These impacts are most heavily felt in low-income communities of color, causing a serious environmental justice issue. Furthermore, trucks running on diesel contribute to New York City’s greenhouse gas emissions.

In addition to lowering emissions, these nonprofits will also benefit from the lower associated costs of driving electric, such as lower maintenance and fueling. These Mitsubishi Fuso “e-Canter” trucks also come with the necessary infrastructure for the six organizations to charge their vehicles. Each truck has a Gross Vehicle Weight of 15,995 lbs. and 60 to 80 mile range on a single charge.

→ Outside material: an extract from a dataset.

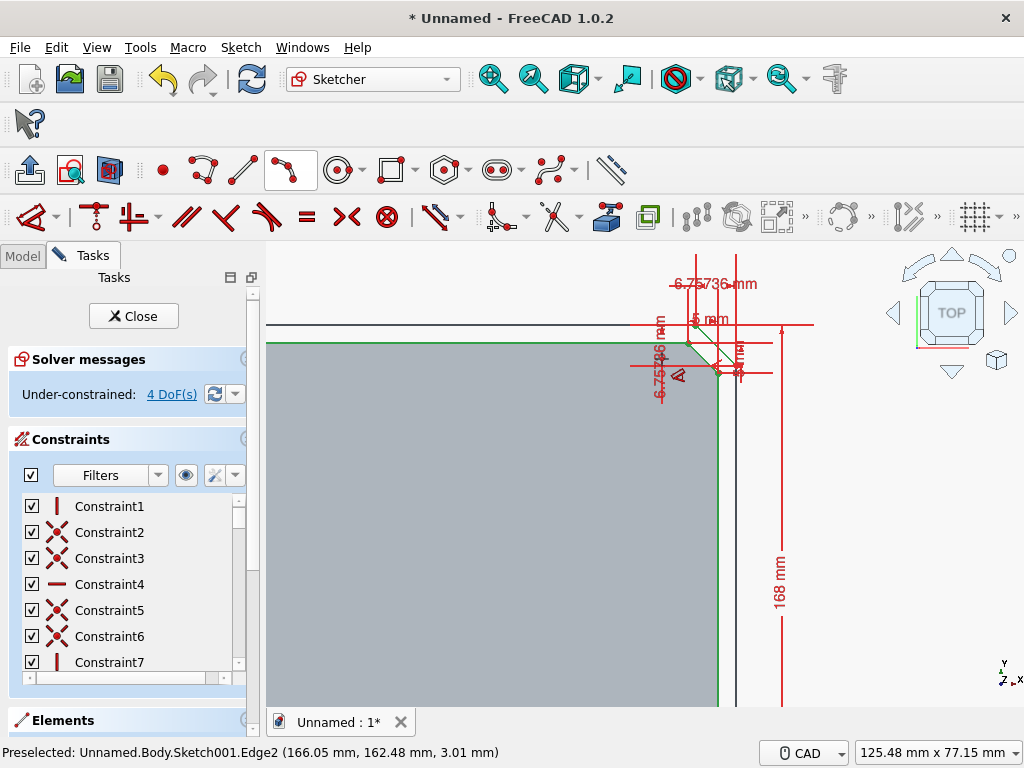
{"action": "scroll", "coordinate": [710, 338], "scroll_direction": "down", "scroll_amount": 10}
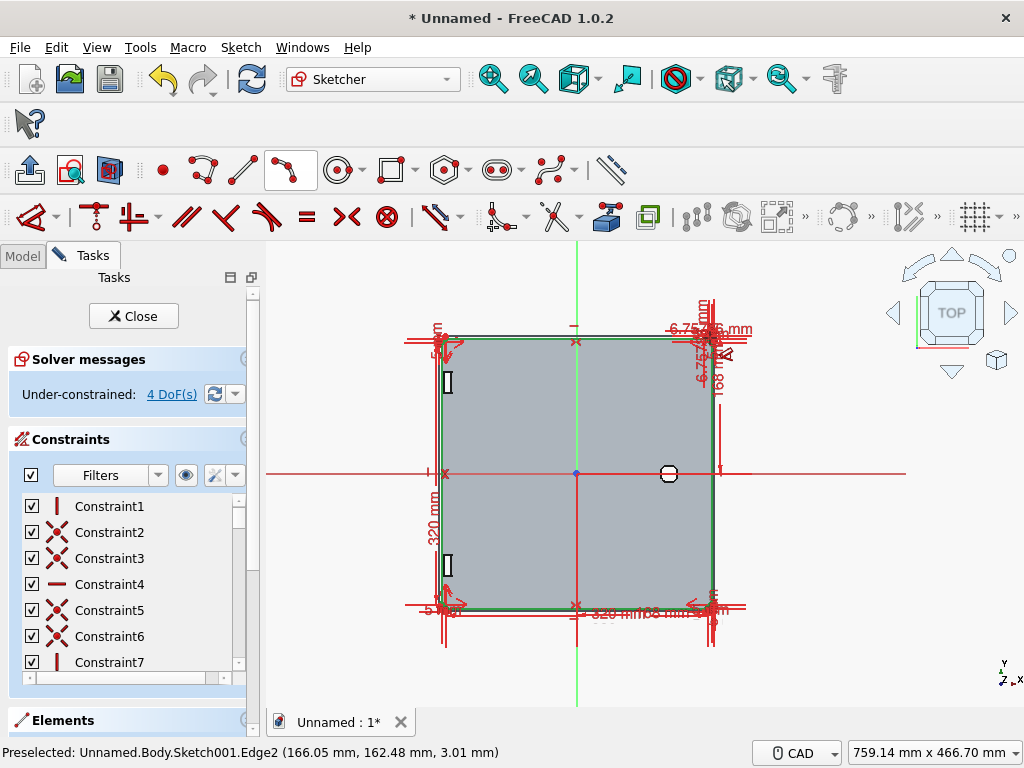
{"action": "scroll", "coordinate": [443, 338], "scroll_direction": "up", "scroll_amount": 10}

Overall, the introduction of cleaner, non-polluting vehicles in key areas such as Hunts Point is important progress for social and environmental health.

Currently, there are a number of funding incentives and opportunities for the electrification or “greening” of fleets vehicles, from light-duty to medium- and heavy-duty vehicles. Programs such as the NYT-VIP Program and Hunts Point Clean Trucks Program facilitate the transition to cleaner vehicles in key areas. Soon, funding pools from the Volkswagen Settlement will be available, allowing for an increased transition to clean transportation. Contact your local Clean Cities Coalition for more information on how to apply for these funding opportunities in your area.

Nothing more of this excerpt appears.